# Another metronome thread!



## piggins411 (Jul 24, 2011)

So I understand how to practice with a metronome and use one to learn a difficult passage, but when I want to learn a song with a weird time signature, say a section of a BTBAM song, how do I do it? I don't think I can set my metronome to 7/8 or 5/8 or anything like that. I only just recently got to the point where I think I have a decent understanding of time signatures, so help is much appreciated.


----------



## SirMyghin (Jul 24, 2011)

When working with compound time, you will likely need a programmable metronome/drum machine, or using something like Guitarpro you can create your own compound metronome using a tempo, as well as some drum beats/clicks where you need them. Just make a bar of 7/8 then 5/8 and accent the beats in their groupings (2s and 3s) and go from there.


----------



## Solodini (Jul 24, 2011)

That or set an unaccented metronome to a tempo fast enough to represent quavers/semiquavers and play along to that, counting the beats yourself. As long as the tempo is static, that'll work fine.


----------



## piggins411 (Jul 24, 2011)

Do you know if Tuxguitar has a programmable metronome like Guitarpro does? Also, noob question: I've seen that word quavers around here; what does that mean?


----------



## Infamous Impact (Jul 24, 2011)

piggins411 said:


> Do you know if Tuxguitar has a programmable metronome like Guitarpro does? Also, noob question: I've seen that word quavers around here; what does that mean?

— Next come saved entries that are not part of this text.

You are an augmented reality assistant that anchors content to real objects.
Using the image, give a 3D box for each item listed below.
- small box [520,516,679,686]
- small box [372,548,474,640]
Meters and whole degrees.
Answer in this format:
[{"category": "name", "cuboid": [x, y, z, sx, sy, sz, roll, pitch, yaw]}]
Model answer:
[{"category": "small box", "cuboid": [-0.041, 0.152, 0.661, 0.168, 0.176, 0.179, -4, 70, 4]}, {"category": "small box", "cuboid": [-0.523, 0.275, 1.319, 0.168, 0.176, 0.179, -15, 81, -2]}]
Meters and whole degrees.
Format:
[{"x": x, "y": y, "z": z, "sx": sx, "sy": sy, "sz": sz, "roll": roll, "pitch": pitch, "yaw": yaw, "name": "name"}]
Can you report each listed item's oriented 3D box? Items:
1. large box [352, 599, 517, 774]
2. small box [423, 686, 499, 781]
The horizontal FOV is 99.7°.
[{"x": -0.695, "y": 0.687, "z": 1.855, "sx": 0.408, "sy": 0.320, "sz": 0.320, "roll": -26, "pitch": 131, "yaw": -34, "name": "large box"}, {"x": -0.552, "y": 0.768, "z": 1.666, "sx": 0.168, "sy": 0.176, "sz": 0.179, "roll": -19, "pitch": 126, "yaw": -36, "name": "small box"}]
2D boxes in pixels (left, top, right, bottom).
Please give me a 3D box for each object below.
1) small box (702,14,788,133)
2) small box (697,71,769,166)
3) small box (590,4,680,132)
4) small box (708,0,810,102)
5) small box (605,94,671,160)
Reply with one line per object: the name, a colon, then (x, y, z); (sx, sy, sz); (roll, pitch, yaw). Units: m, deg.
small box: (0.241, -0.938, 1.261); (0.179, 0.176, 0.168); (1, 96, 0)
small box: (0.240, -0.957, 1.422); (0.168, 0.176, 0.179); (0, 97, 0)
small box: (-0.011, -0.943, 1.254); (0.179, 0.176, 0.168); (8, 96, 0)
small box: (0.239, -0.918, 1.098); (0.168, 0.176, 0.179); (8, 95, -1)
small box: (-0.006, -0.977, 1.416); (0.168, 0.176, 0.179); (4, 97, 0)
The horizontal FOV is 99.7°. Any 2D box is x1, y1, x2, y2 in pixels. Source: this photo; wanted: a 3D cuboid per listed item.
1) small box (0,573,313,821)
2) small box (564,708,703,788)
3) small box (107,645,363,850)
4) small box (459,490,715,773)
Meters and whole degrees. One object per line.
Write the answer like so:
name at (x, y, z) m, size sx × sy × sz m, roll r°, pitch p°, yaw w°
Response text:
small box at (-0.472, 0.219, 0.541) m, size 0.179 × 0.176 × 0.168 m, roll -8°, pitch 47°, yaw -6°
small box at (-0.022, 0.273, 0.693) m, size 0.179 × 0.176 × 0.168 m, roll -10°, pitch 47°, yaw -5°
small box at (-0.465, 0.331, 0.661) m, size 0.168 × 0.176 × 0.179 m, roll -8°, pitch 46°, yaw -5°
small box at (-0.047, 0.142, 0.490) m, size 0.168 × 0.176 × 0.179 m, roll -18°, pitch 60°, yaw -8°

A quaver is an eighth note. Just write up a drum beat in TuxGuitar to match the time signature.


----------



## steve1 (Jul 24, 2011)

edit: ninjaaaaaaaaaaaaaaaaaaaaaaaaaaaaaaaaaaa


----------



## piggins411 (Jul 24, 2011)

Ah, thank you kind people


----------



## SirMyghin (Jul 24, 2011)

Infamous Impact said:


> A quaver is an eighth note. Just write up a drum beat in TuxGuitar to match the time signature.



It is just British people talking funny, accept it and move on  ( and yes, an eighth note)


----------



## Skanky (Jul 25, 2011)

Infamous Impact said:


> A quaver is an eighth note. Just write up a drum beat in TuxGuitar to match the time signature.




This.

TuxGuitar does have a metronome, but it's pretty much basic.

Drum beat is the way to go.


----------